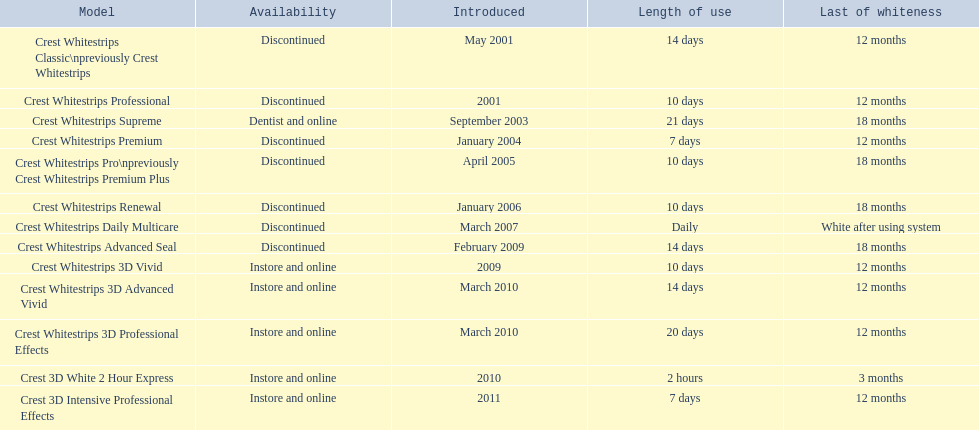Which discontinued product was introduced the same year as crest whitestrips 3d vivid? Crest Whitestrips Advanced Seal. 
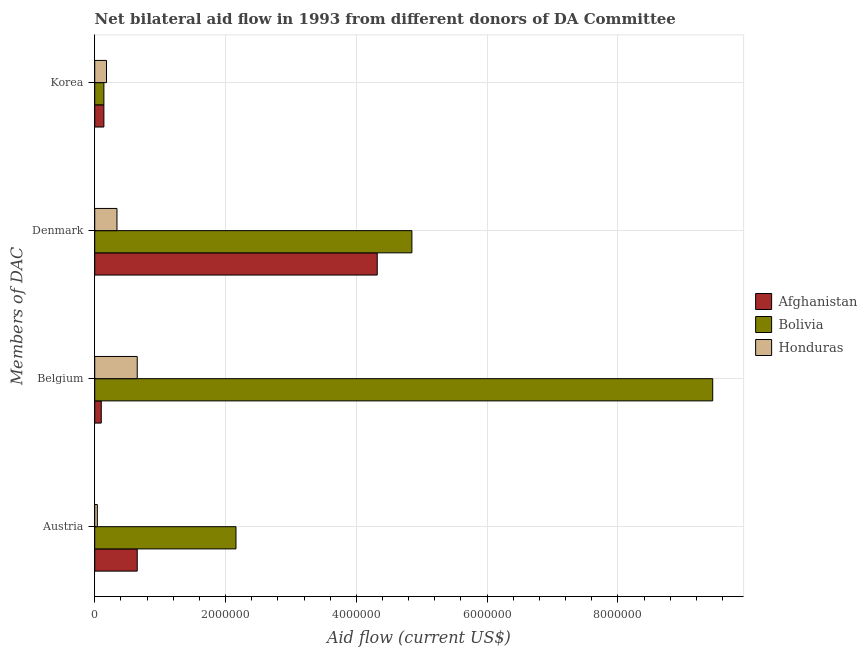How many groups of bars are there?
Your response must be concise. 4. What is the label of the 4th group of bars from the top?
Give a very brief answer. Austria. What is the amount of aid given by belgium in Afghanistan?
Ensure brevity in your answer.  1.00e+05. Across all countries, what is the maximum amount of aid given by denmark?
Make the answer very short. 4.85e+06. Across all countries, what is the minimum amount of aid given by denmark?
Provide a short and direct response. 3.40e+05. In which country was the amount of aid given by belgium maximum?
Provide a succinct answer. Bolivia. In which country was the amount of aid given by korea minimum?
Your answer should be very brief. Afghanistan. What is the total amount of aid given by korea in the graph?
Provide a succinct answer. 4.60e+05. What is the difference between the amount of aid given by austria in Bolivia and that in Honduras?
Provide a short and direct response. 2.12e+06. What is the difference between the amount of aid given by belgium in Bolivia and the amount of aid given by austria in Afghanistan?
Ensure brevity in your answer.  8.80e+06. What is the average amount of aid given by korea per country?
Provide a succinct answer. 1.53e+05. What is the difference between the amount of aid given by belgium and amount of aid given by korea in Bolivia?
Keep it short and to the point. 9.31e+06. What is the ratio of the amount of aid given by denmark in Honduras to that in Bolivia?
Provide a short and direct response. 0.07. Is the amount of aid given by austria in Bolivia less than that in Honduras?
Your response must be concise. No. Is the difference between the amount of aid given by belgium in Bolivia and Afghanistan greater than the difference between the amount of aid given by denmark in Bolivia and Afghanistan?
Give a very brief answer. Yes. What is the difference between the highest and the lowest amount of aid given by korea?
Your answer should be very brief. 4.00e+04. In how many countries, is the amount of aid given by denmark greater than the average amount of aid given by denmark taken over all countries?
Your response must be concise. 2. Is it the case that in every country, the sum of the amount of aid given by austria and amount of aid given by korea is greater than the sum of amount of aid given by denmark and amount of aid given by belgium?
Ensure brevity in your answer.  No. What does the 3rd bar from the top in Korea represents?
Offer a very short reply. Afghanistan. What does the 1st bar from the bottom in Austria represents?
Make the answer very short. Afghanistan. Are the values on the major ticks of X-axis written in scientific E-notation?
Make the answer very short. No. Does the graph contain any zero values?
Offer a terse response. No. How many legend labels are there?
Offer a terse response. 3. What is the title of the graph?
Ensure brevity in your answer.  Net bilateral aid flow in 1993 from different donors of DA Committee. What is the label or title of the Y-axis?
Ensure brevity in your answer.  Members of DAC. What is the Aid flow (current US$) in Afghanistan in Austria?
Ensure brevity in your answer.  6.50e+05. What is the Aid flow (current US$) in Bolivia in Austria?
Your answer should be compact. 2.16e+06. What is the Aid flow (current US$) of Honduras in Austria?
Your answer should be very brief. 4.00e+04. What is the Aid flow (current US$) in Afghanistan in Belgium?
Make the answer very short. 1.00e+05. What is the Aid flow (current US$) in Bolivia in Belgium?
Ensure brevity in your answer.  9.45e+06. What is the Aid flow (current US$) in Honduras in Belgium?
Offer a terse response. 6.50e+05. What is the Aid flow (current US$) in Afghanistan in Denmark?
Provide a succinct answer. 4.32e+06. What is the Aid flow (current US$) in Bolivia in Denmark?
Provide a succinct answer. 4.85e+06. What is the Aid flow (current US$) of Afghanistan in Korea?
Provide a short and direct response. 1.40e+05. What is the Aid flow (current US$) of Honduras in Korea?
Your response must be concise. 1.80e+05. Across all Members of DAC, what is the maximum Aid flow (current US$) of Afghanistan?
Your response must be concise. 4.32e+06. Across all Members of DAC, what is the maximum Aid flow (current US$) of Bolivia?
Your answer should be very brief. 9.45e+06. Across all Members of DAC, what is the maximum Aid flow (current US$) in Honduras?
Give a very brief answer. 6.50e+05. Across all Members of DAC, what is the minimum Aid flow (current US$) in Afghanistan?
Provide a succinct answer. 1.00e+05. What is the total Aid flow (current US$) of Afghanistan in the graph?
Provide a succinct answer. 5.21e+06. What is the total Aid flow (current US$) in Bolivia in the graph?
Provide a succinct answer. 1.66e+07. What is the total Aid flow (current US$) of Honduras in the graph?
Keep it short and to the point. 1.21e+06. What is the difference between the Aid flow (current US$) of Afghanistan in Austria and that in Belgium?
Make the answer very short. 5.50e+05. What is the difference between the Aid flow (current US$) of Bolivia in Austria and that in Belgium?
Ensure brevity in your answer.  -7.29e+06. What is the difference between the Aid flow (current US$) in Honduras in Austria and that in Belgium?
Your response must be concise. -6.10e+05. What is the difference between the Aid flow (current US$) in Afghanistan in Austria and that in Denmark?
Keep it short and to the point. -3.67e+06. What is the difference between the Aid flow (current US$) of Bolivia in Austria and that in Denmark?
Your answer should be compact. -2.69e+06. What is the difference between the Aid flow (current US$) of Honduras in Austria and that in Denmark?
Offer a very short reply. -3.00e+05. What is the difference between the Aid flow (current US$) of Afghanistan in Austria and that in Korea?
Your answer should be very brief. 5.10e+05. What is the difference between the Aid flow (current US$) of Bolivia in Austria and that in Korea?
Offer a very short reply. 2.02e+06. What is the difference between the Aid flow (current US$) in Honduras in Austria and that in Korea?
Your answer should be compact. -1.40e+05. What is the difference between the Aid flow (current US$) of Afghanistan in Belgium and that in Denmark?
Provide a succinct answer. -4.22e+06. What is the difference between the Aid flow (current US$) of Bolivia in Belgium and that in Denmark?
Provide a short and direct response. 4.60e+06. What is the difference between the Aid flow (current US$) of Honduras in Belgium and that in Denmark?
Keep it short and to the point. 3.10e+05. What is the difference between the Aid flow (current US$) in Afghanistan in Belgium and that in Korea?
Your answer should be compact. -4.00e+04. What is the difference between the Aid flow (current US$) in Bolivia in Belgium and that in Korea?
Give a very brief answer. 9.31e+06. What is the difference between the Aid flow (current US$) of Afghanistan in Denmark and that in Korea?
Your response must be concise. 4.18e+06. What is the difference between the Aid flow (current US$) in Bolivia in Denmark and that in Korea?
Ensure brevity in your answer.  4.71e+06. What is the difference between the Aid flow (current US$) of Honduras in Denmark and that in Korea?
Offer a very short reply. 1.60e+05. What is the difference between the Aid flow (current US$) in Afghanistan in Austria and the Aid flow (current US$) in Bolivia in Belgium?
Provide a short and direct response. -8.80e+06. What is the difference between the Aid flow (current US$) in Bolivia in Austria and the Aid flow (current US$) in Honduras in Belgium?
Keep it short and to the point. 1.51e+06. What is the difference between the Aid flow (current US$) in Afghanistan in Austria and the Aid flow (current US$) in Bolivia in Denmark?
Your response must be concise. -4.20e+06. What is the difference between the Aid flow (current US$) in Bolivia in Austria and the Aid flow (current US$) in Honduras in Denmark?
Offer a very short reply. 1.82e+06. What is the difference between the Aid flow (current US$) in Afghanistan in Austria and the Aid flow (current US$) in Bolivia in Korea?
Keep it short and to the point. 5.10e+05. What is the difference between the Aid flow (current US$) of Afghanistan in Austria and the Aid flow (current US$) of Honduras in Korea?
Keep it short and to the point. 4.70e+05. What is the difference between the Aid flow (current US$) in Bolivia in Austria and the Aid flow (current US$) in Honduras in Korea?
Provide a succinct answer. 1.98e+06. What is the difference between the Aid flow (current US$) in Afghanistan in Belgium and the Aid flow (current US$) in Bolivia in Denmark?
Ensure brevity in your answer.  -4.75e+06. What is the difference between the Aid flow (current US$) in Bolivia in Belgium and the Aid flow (current US$) in Honduras in Denmark?
Your response must be concise. 9.11e+06. What is the difference between the Aid flow (current US$) of Afghanistan in Belgium and the Aid flow (current US$) of Honduras in Korea?
Give a very brief answer. -8.00e+04. What is the difference between the Aid flow (current US$) of Bolivia in Belgium and the Aid flow (current US$) of Honduras in Korea?
Offer a very short reply. 9.27e+06. What is the difference between the Aid flow (current US$) in Afghanistan in Denmark and the Aid flow (current US$) in Bolivia in Korea?
Your answer should be very brief. 4.18e+06. What is the difference between the Aid flow (current US$) in Afghanistan in Denmark and the Aid flow (current US$) in Honduras in Korea?
Your answer should be compact. 4.14e+06. What is the difference between the Aid flow (current US$) in Bolivia in Denmark and the Aid flow (current US$) in Honduras in Korea?
Offer a terse response. 4.67e+06. What is the average Aid flow (current US$) of Afghanistan per Members of DAC?
Provide a short and direct response. 1.30e+06. What is the average Aid flow (current US$) of Bolivia per Members of DAC?
Give a very brief answer. 4.15e+06. What is the average Aid flow (current US$) of Honduras per Members of DAC?
Keep it short and to the point. 3.02e+05. What is the difference between the Aid flow (current US$) of Afghanistan and Aid flow (current US$) of Bolivia in Austria?
Your response must be concise. -1.51e+06. What is the difference between the Aid flow (current US$) in Afghanistan and Aid flow (current US$) in Honduras in Austria?
Ensure brevity in your answer.  6.10e+05. What is the difference between the Aid flow (current US$) in Bolivia and Aid flow (current US$) in Honduras in Austria?
Your answer should be very brief. 2.12e+06. What is the difference between the Aid flow (current US$) of Afghanistan and Aid flow (current US$) of Bolivia in Belgium?
Your answer should be compact. -9.35e+06. What is the difference between the Aid flow (current US$) in Afghanistan and Aid flow (current US$) in Honduras in Belgium?
Give a very brief answer. -5.50e+05. What is the difference between the Aid flow (current US$) in Bolivia and Aid flow (current US$) in Honduras in Belgium?
Your response must be concise. 8.80e+06. What is the difference between the Aid flow (current US$) in Afghanistan and Aid flow (current US$) in Bolivia in Denmark?
Your answer should be very brief. -5.30e+05. What is the difference between the Aid flow (current US$) in Afghanistan and Aid flow (current US$) in Honduras in Denmark?
Ensure brevity in your answer.  3.98e+06. What is the difference between the Aid flow (current US$) of Bolivia and Aid flow (current US$) of Honduras in Denmark?
Your answer should be very brief. 4.51e+06. What is the difference between the Aid flow (current US$) in Afghanistan and Aid flow (current US$) in Bolivia in Korea?
Provide a short and direct response. 0. What is the difference between the Aid flow (current US$) of Bolivia and Aid flow (current US$) of Honduras in Korea?
Your answer should be very brief. -4.00e+04. What is the ratio of the Aid flow (current US$) in Afghanistan in Austria to that in Belgium?
Your answer should be compact. 6.5. What is the ratio of the Aid flow (current US$) of Bolivia in Austria to that in Belgium?
Give a very brief answer. 0.23. What is the ratio of the Aid flow (current US$) of Honduras in Austria to that in Belgium?
Provide a short and direct response. 0.06. What is the ratio of the Aid flow (current US$) in Afghanistan in Austria to that in Denmark?
Offer a terse response. 0.15. What is the ratio of the Aid flow (current US$) of Bolivia in Austria to that in Denmark?
Your answer should be very brief. 0.45. What is the ratio of the Aid flow (current US$) of Honduras in Austria to that in Denmark?
Your response must be concise. 0.12. What is the ratio of the Aid flow (current US$) of Afghanistan in Austria to that in Korea?
Your response must be concise. 4.64. What is the ratio of the Aid flow (current US$) of Bolivia in Austria to that in Korea?
Ensure brevity in your answer.  15.43. What is the ratio of the Aid flow (current US$) in Honduras in Austria to that in Korea?
Offer a terse response. 0.22. What is the ratio of the Aid flow (current US$) in Afghanistan in Belgium to that in Denmark?
Offer a very short reply. 0.02. What is the ratio of the Aid flow (current US$) of Bolivia in Belgium to that in Denmark?
Your response must be concise. 1.95. What is the ratio of the Aid flow (current US$) of Honduras in Belgium to that in Denmark?
Provide a short and direct response. 1.91. What is the ratio of the Aid flow (current US$) of Bolivia in Belgium to that in Korea?
Your answer should be very brief. 67.5. What is the ratio of the Aid flow (current US$) in Honduras in Belgium to that in Korea?
Make the answer very short. 3.61. What is the ratio of the Aid flow (current US$) in Afghanistan in Denmark to that in Korea?
Your response must be concise. 30.86. What is the ratio of the Aid flow (current US$) of Bolivia in Denmark to that in Korea?
Your answer should be compact. 34.64. What is the ratio of the Aid flow (current US$) of Honduras in Denmark to that in Korea?
Offer a very short reply. 1.89. What is the difference between the highest and the second highest Aid flow (current US$) in Afghanistan?
Make the answer very short. 3.67e+06. What is the difference between the highest and the second highest Aid flow (current US$) in Bolivia?
Provide a short and direct response. 4.60e+06. What is the difference between the highest and the second highest Aid flow (current US$) of Honduras?
Ensure brevity in your answer.  3.10e+05. What is the difference between the highest and the lowest Aid flow (current US$) in Afghanistan?
Give a very brief answer. 4.22e+06. What is the difference between the highest and the lowest Aid flow (current US$) in Bolivia?
Your response must be concise. 9.31e+06. What is the difference between the highest and the lowest Aid flow (current US$) in Honduras?
Provide a succinct answer. 6.10e+05.
* * * * * * *
» AIM OF THE TASK
Among the entries above, copy exactly only the lines starting with the one containing "Your answer should be compact. 2.16e+06." and going through the one containing "Your answer should be very brief. 9.45e+06.", both ends included.

» SOLUTION TO THIS TASK
Your answer should be compact. 2.16e+06. What is the Aid flow (current US$) of Honduras in Austria?
Your answer should be very brief. 4.00e+04. What is the Aid flow (current US$) in Afghanistan in Belgium?
Make the answer very short. 1.00e+05. What is the Aid flow (current US$) in Bolivia in Belgium?
Ensure brevity in your answer.  9.45e+06. What is the Aid flow (current US$) in Honduras in Belgium?
Offer a terse response. 6.50e+05. What is the Aid flow (current US$) in Afghanistan in Denmark?
Provide a succinct answer. 4.32e+06. What is the Aid flow (current US$) in Bolivia in Denmark?
Provide a succinct answer. 4.85e+06. What is the Aid flow (current US$) of Afghanistan in Korea?
Provide a short and direct response. 1.40e+05. What is the Aid flow (current US$) of Honduras in Korea?
Your response must be concise. 1.80e+05. Across all Members of DAC, what is the maximum Aid flow (current US$) of Afghanistan?
Your response must be concise. 4.32e+06. Across all Members of DAC, what is the maximum Aid flow (current US$) of Bolivia?
Your answer should be very brief. 9.45e+06. Across all Members of DAC, what is the maximum Aid flow (current US$) in Honduras?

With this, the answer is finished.